Bridget Lattanzi, National Guard, (1996-2016) and Operation Iraqi Freedom II Veteran: I have an appointment with my acupuncturist, which is outside the VA. He has problems getting paid with Choice, and didn’t get paid for a year and a half. He doesn’t send us to collection agencies, but he can’t take on any more veterans.
Lemle: For some conditions and in some markets, there still is an inadequate Community Care Network.

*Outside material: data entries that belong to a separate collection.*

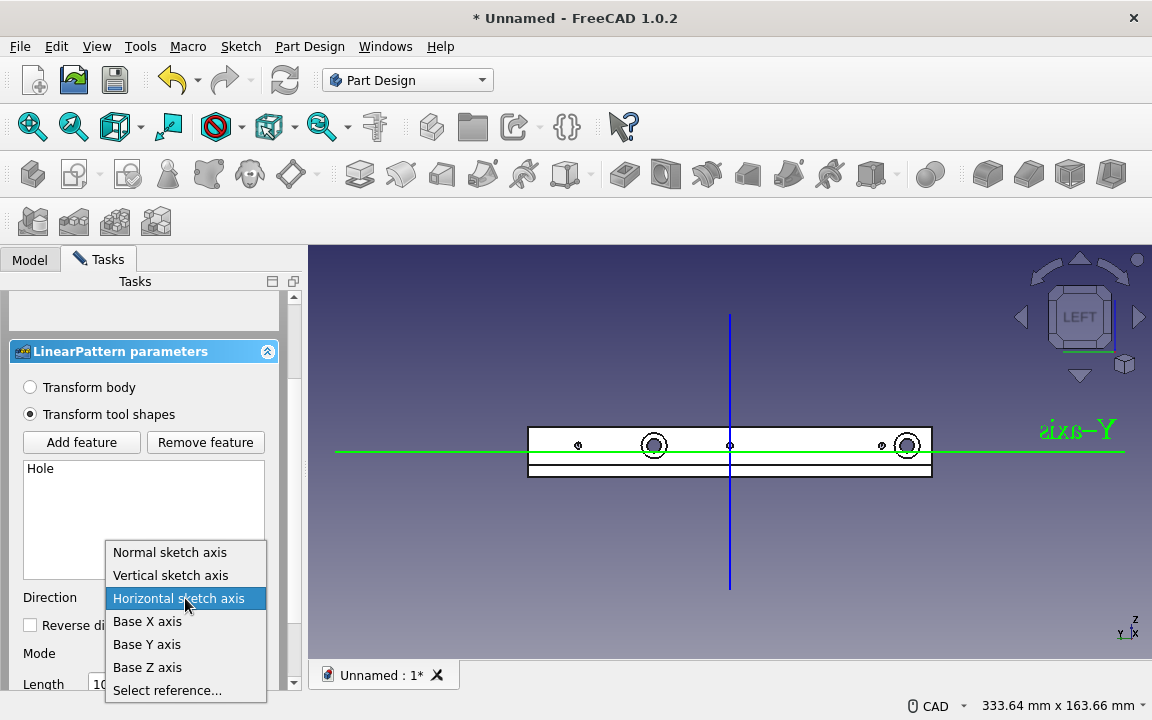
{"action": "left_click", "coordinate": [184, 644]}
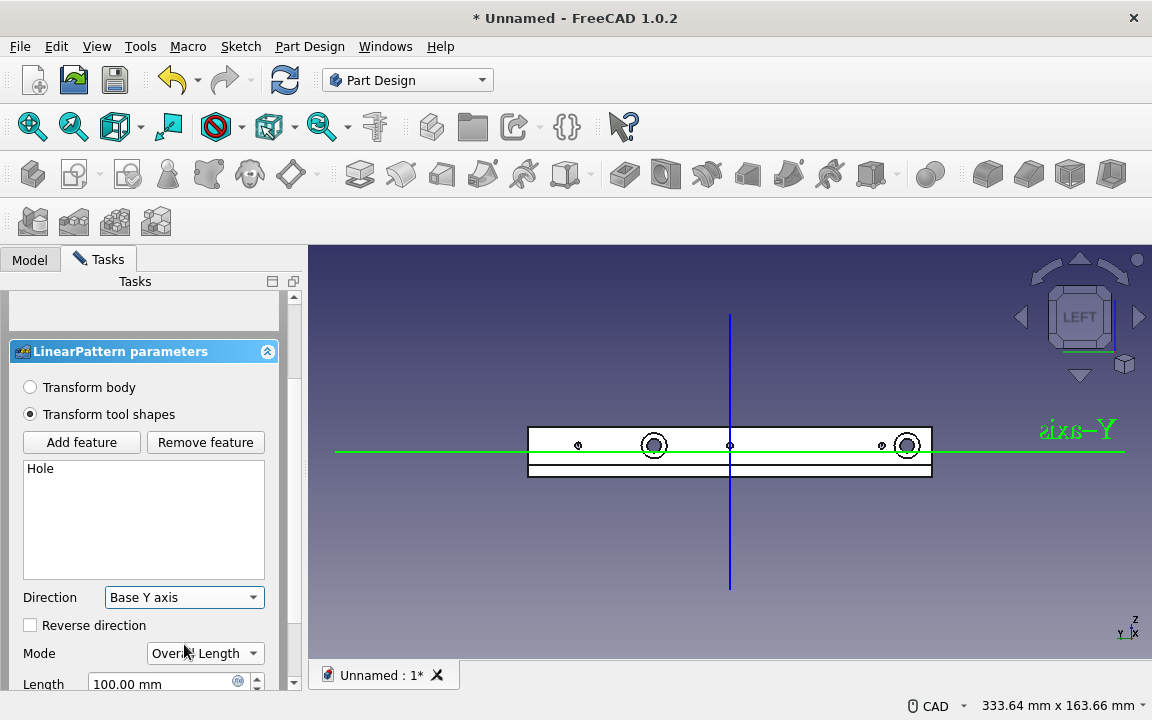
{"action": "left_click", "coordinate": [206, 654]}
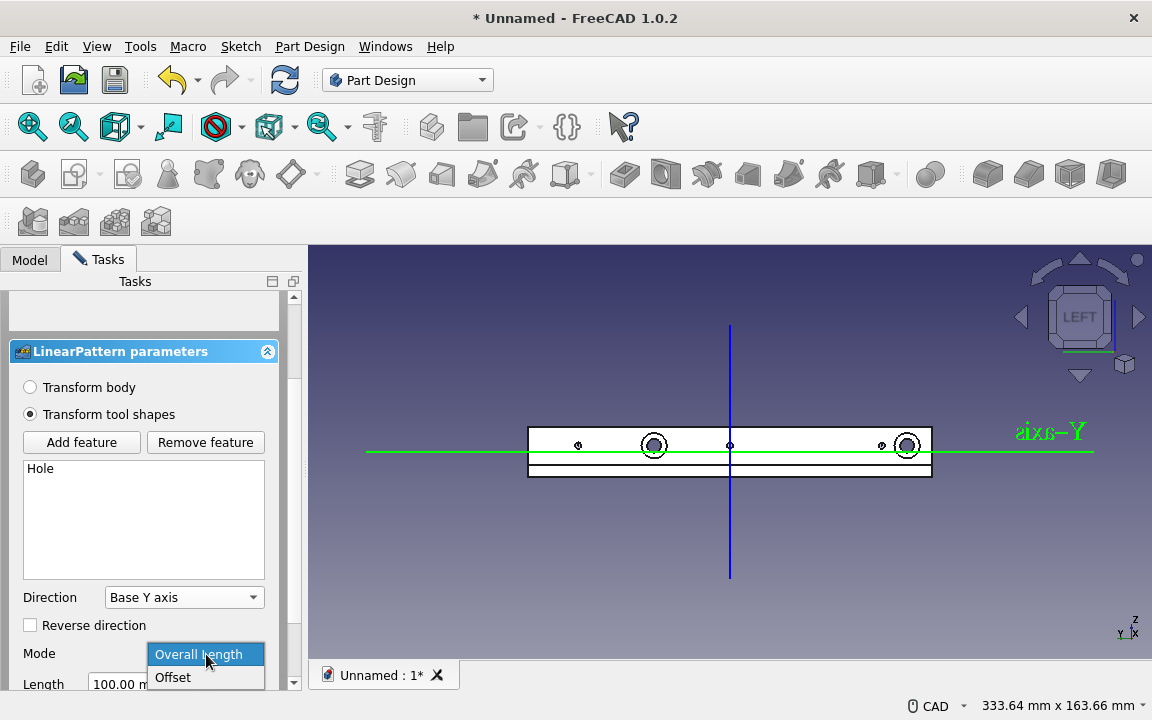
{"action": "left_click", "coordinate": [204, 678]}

Do you think there will be confusion about which private sector providers are in the Community Care Network?
Lemle: For the new Urgent Care benefit, that’s totally true. The differentiation between which Urgent Care providers are in the network and which are not is clear as mud to the veteran. The VA has its list, but the veteran won’t have a quick way to know.
Lattanzi: I live kind of far from the VA. I went to an Urgent Care where they have pretty specific things they treat. Like if you had a sprained ankle, they’d send you to the ER. But they’d still bill because they saw you – even if they just referred you to the VA.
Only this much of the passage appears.